→ Data in this exercise:
<<<<

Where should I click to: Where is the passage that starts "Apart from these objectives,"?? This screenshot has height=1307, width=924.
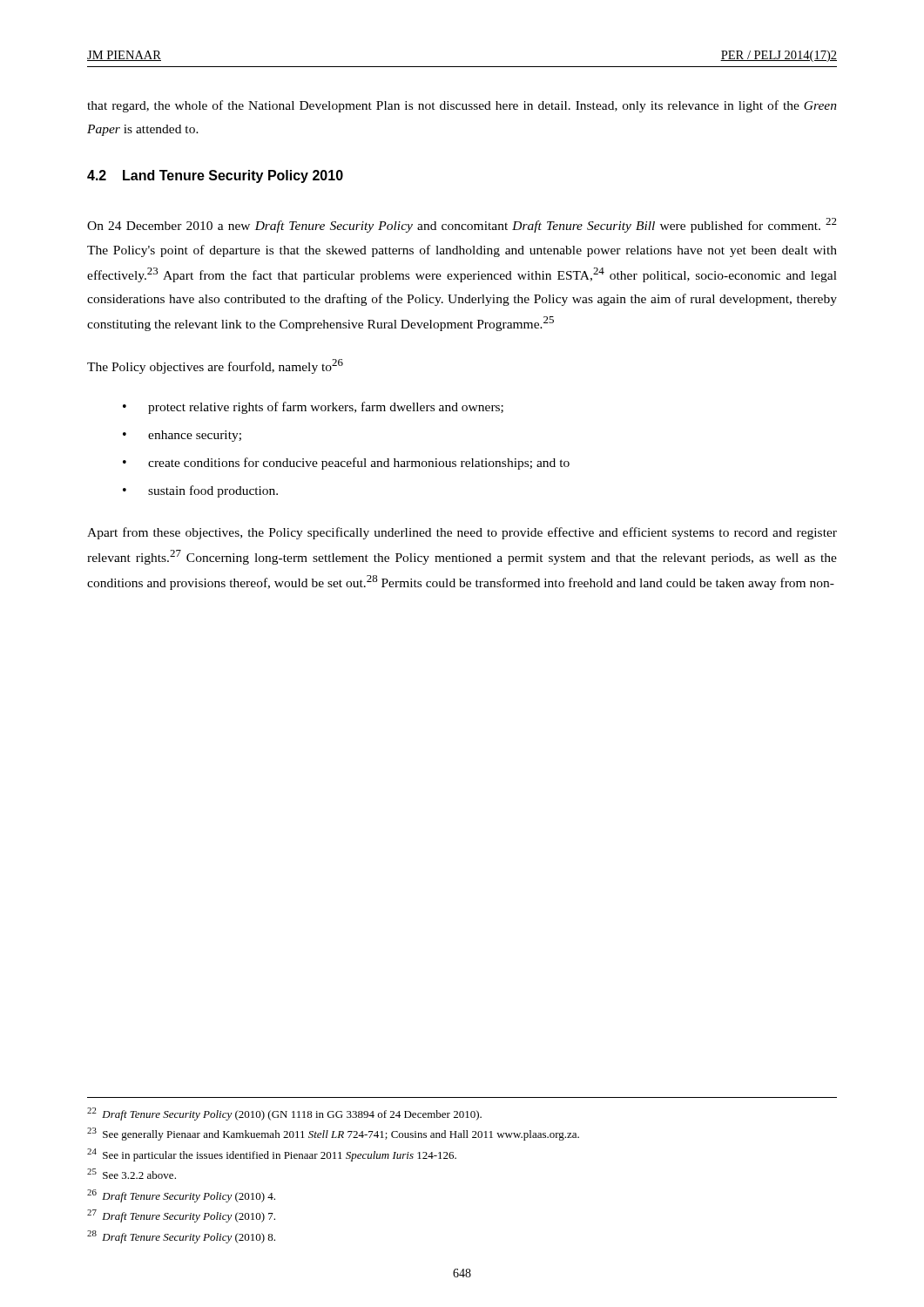click(x=462, y=557)
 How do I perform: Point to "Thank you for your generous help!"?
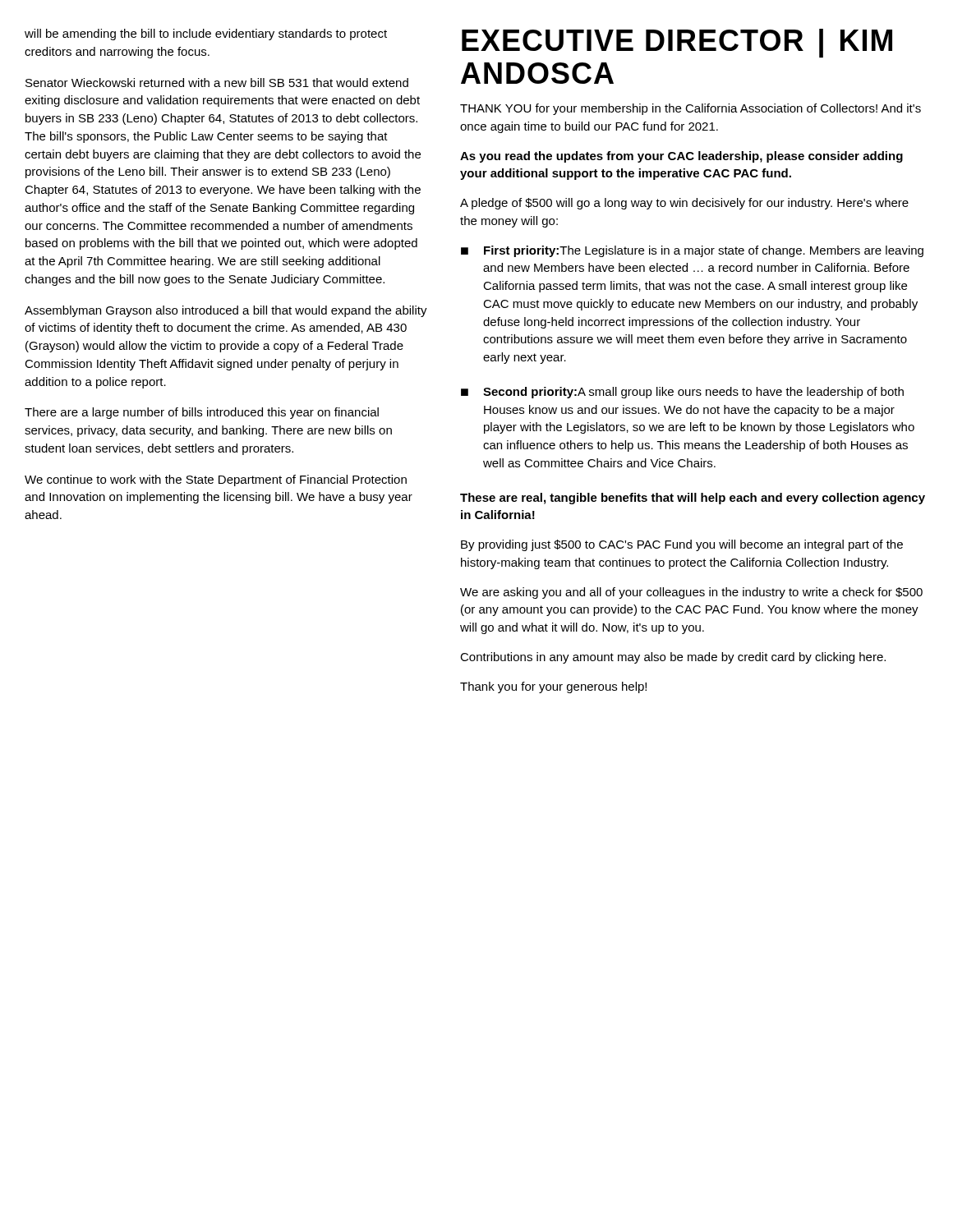click(x=554, y=686)
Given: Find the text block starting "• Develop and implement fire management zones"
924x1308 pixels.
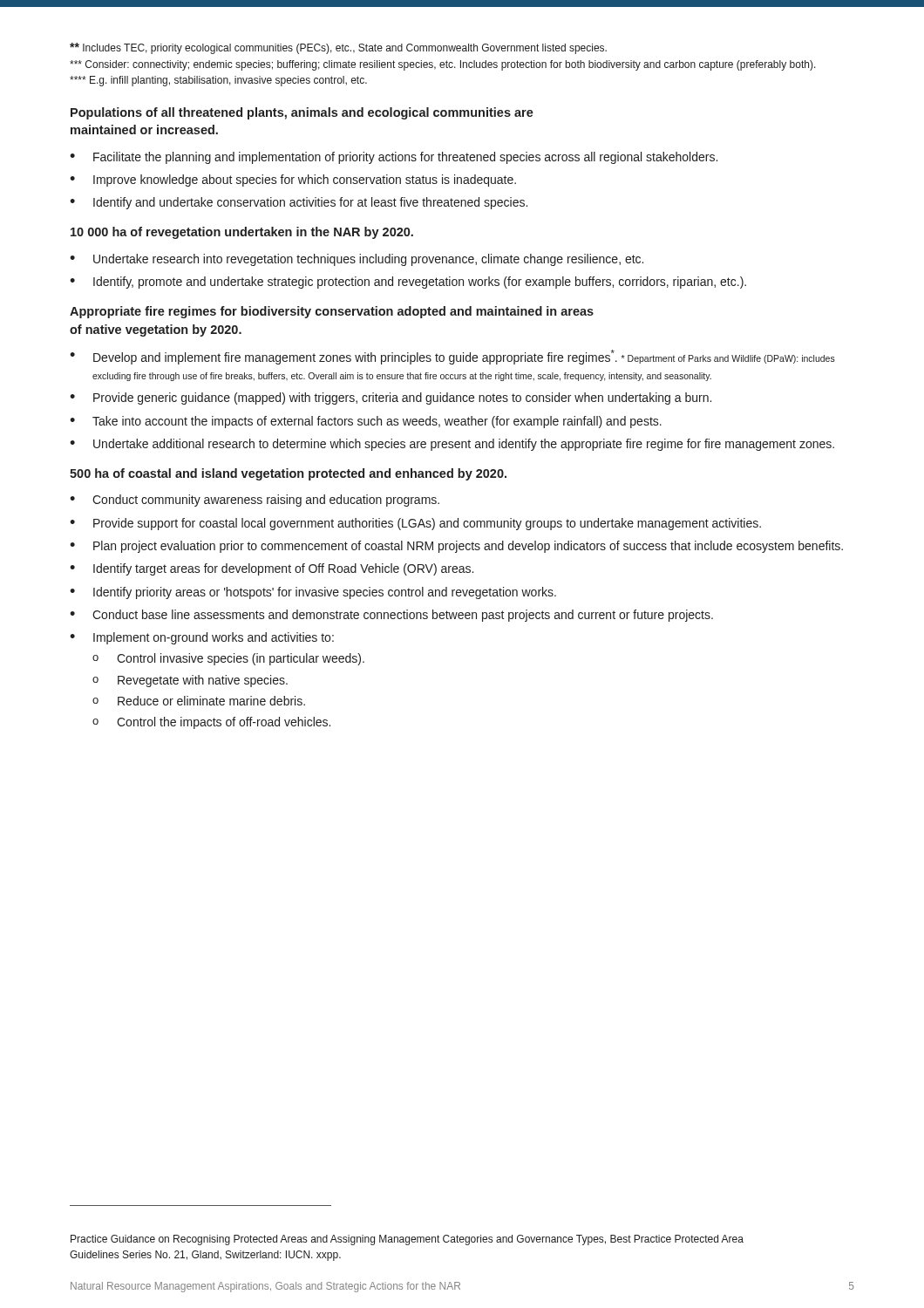Looking at the screenshot, I should (x=462, y=365).
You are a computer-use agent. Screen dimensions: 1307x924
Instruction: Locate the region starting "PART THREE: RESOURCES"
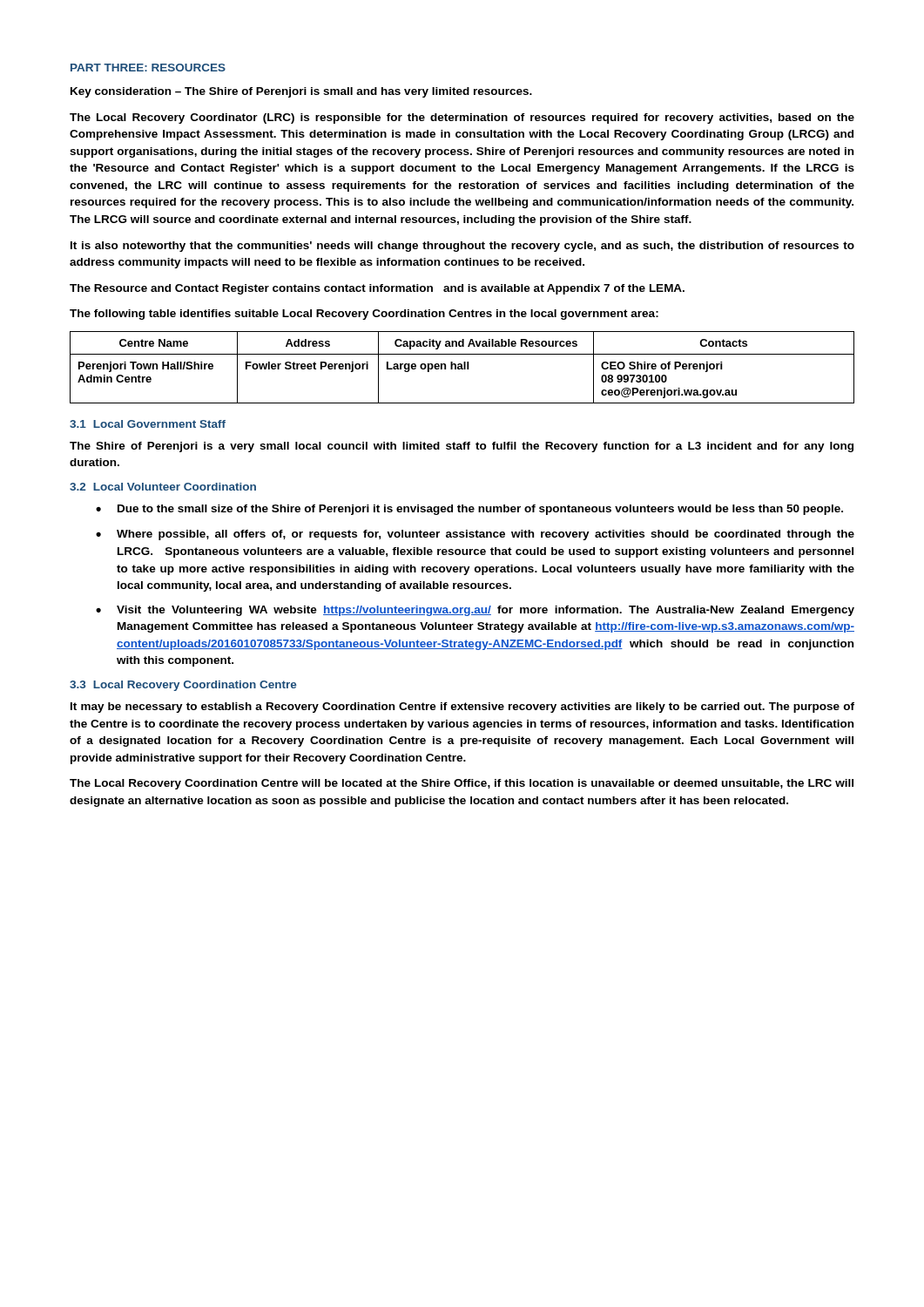[x=148, y=68]
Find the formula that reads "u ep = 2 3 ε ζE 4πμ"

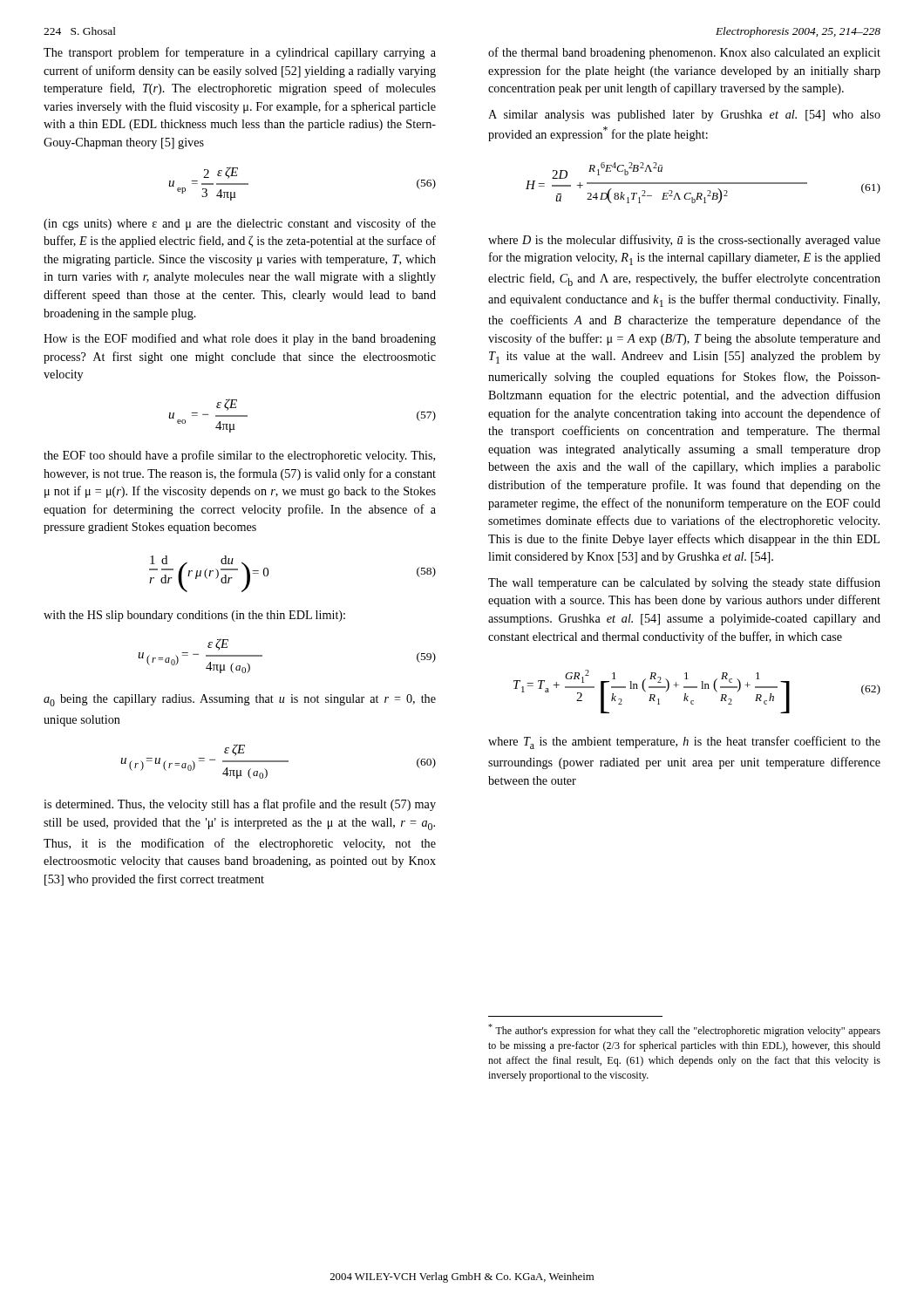tap(240, 183)
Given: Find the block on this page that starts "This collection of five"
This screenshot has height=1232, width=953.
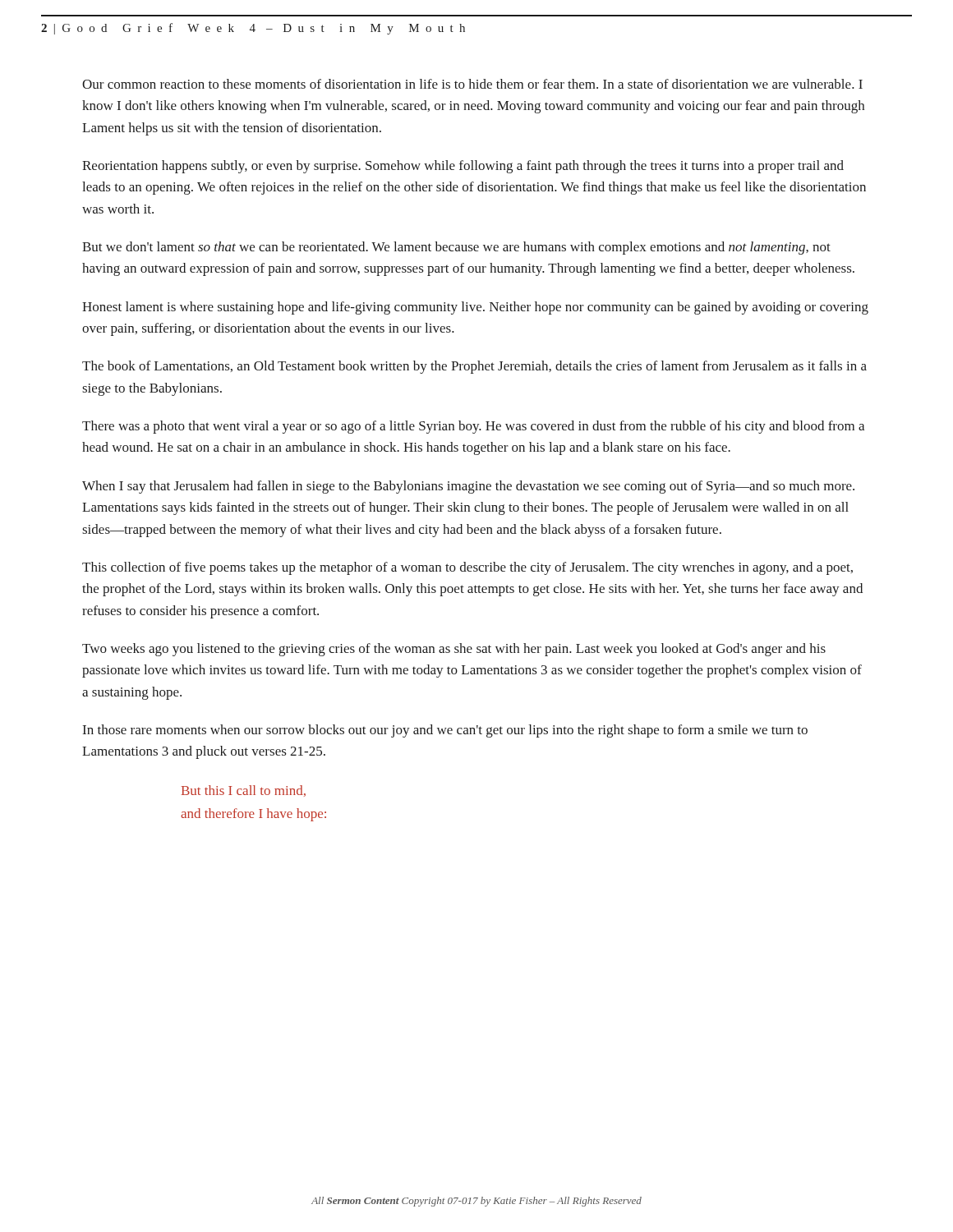Looking at the screenshot, I should (473, 589).
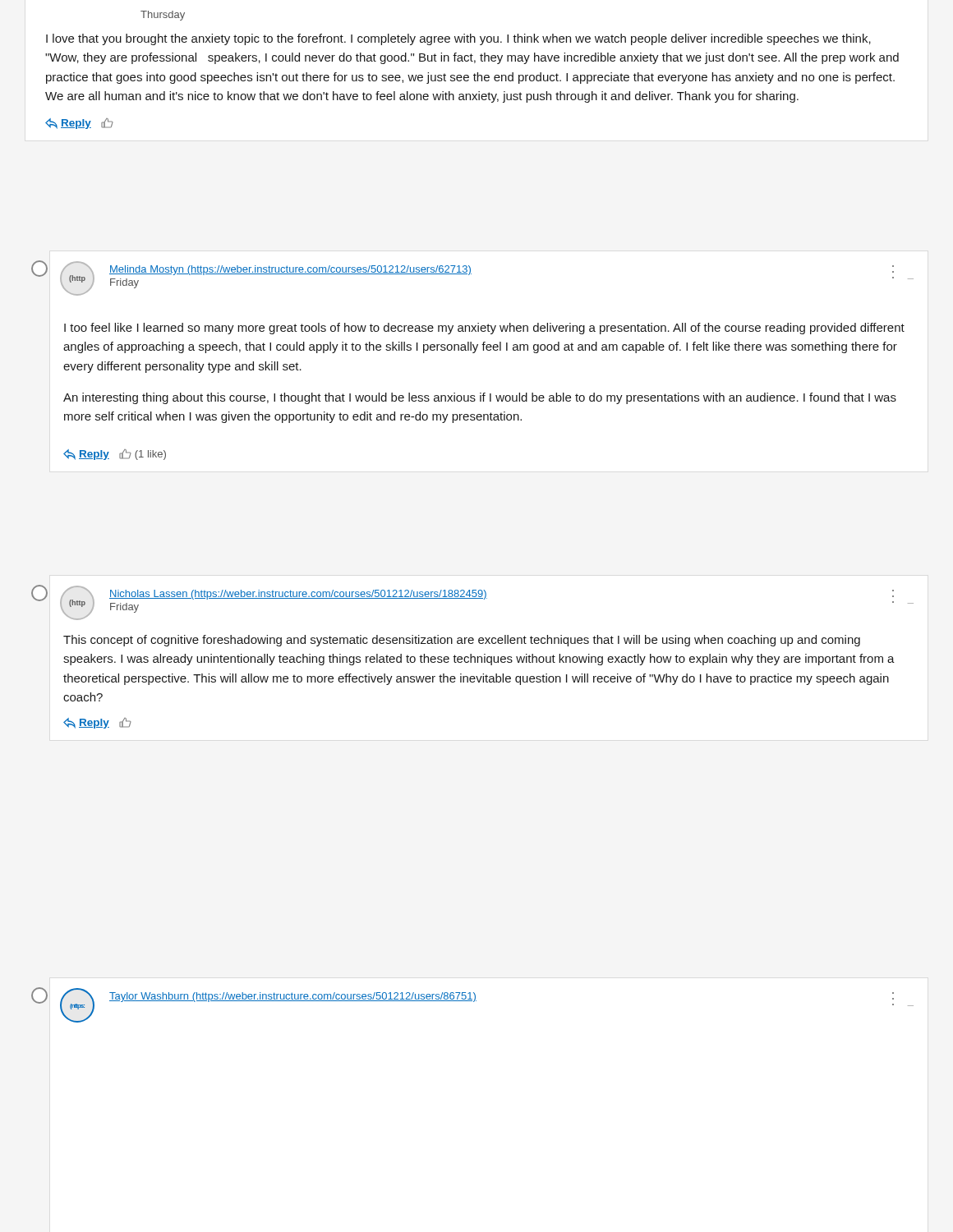
Task: Select the text block that says "I too feel"
Action: 484,329
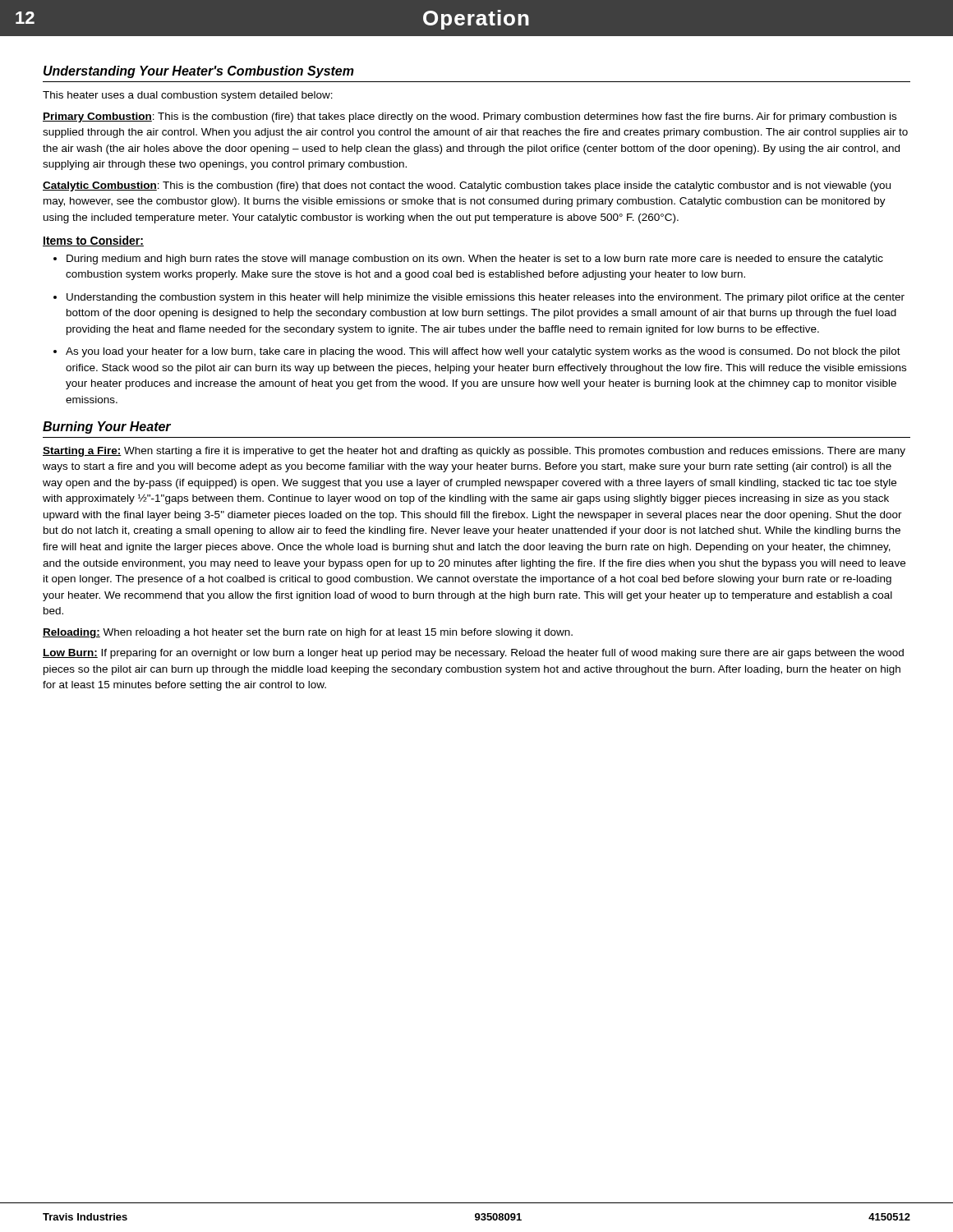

>>>>

→ Problem to work on: Take the lines from the one containing "How do I perform: Point" through the last line of the listing and repeat them exactly. Omit the pictures.

→ Finished task:
 How do I perform: Point to "Thank you for your generous help!"?
click(x=554, y=686)
Given: Find the text block starting "• Develop and implement fire management zones"
924x1308 pixels.
Looking at the screenshot, I should (x=462, y=365).
You are a computer-use agent. Screen dimensions: 1307x924
Instruction: Locate the region starting "PART THREE: RESOURCES"
[x=148, y=68]
Find the formula that reads "u ep = 2 3 ε ζE 4πμ"

tap(240, 183)
Given: Find the block on this page that starts "This collection of five"
This screenshot has height=1232, width=953.
Looking at the screenshot, I should (473, 589).
Task: Select the text block that says "I too feel"
Action: 484,329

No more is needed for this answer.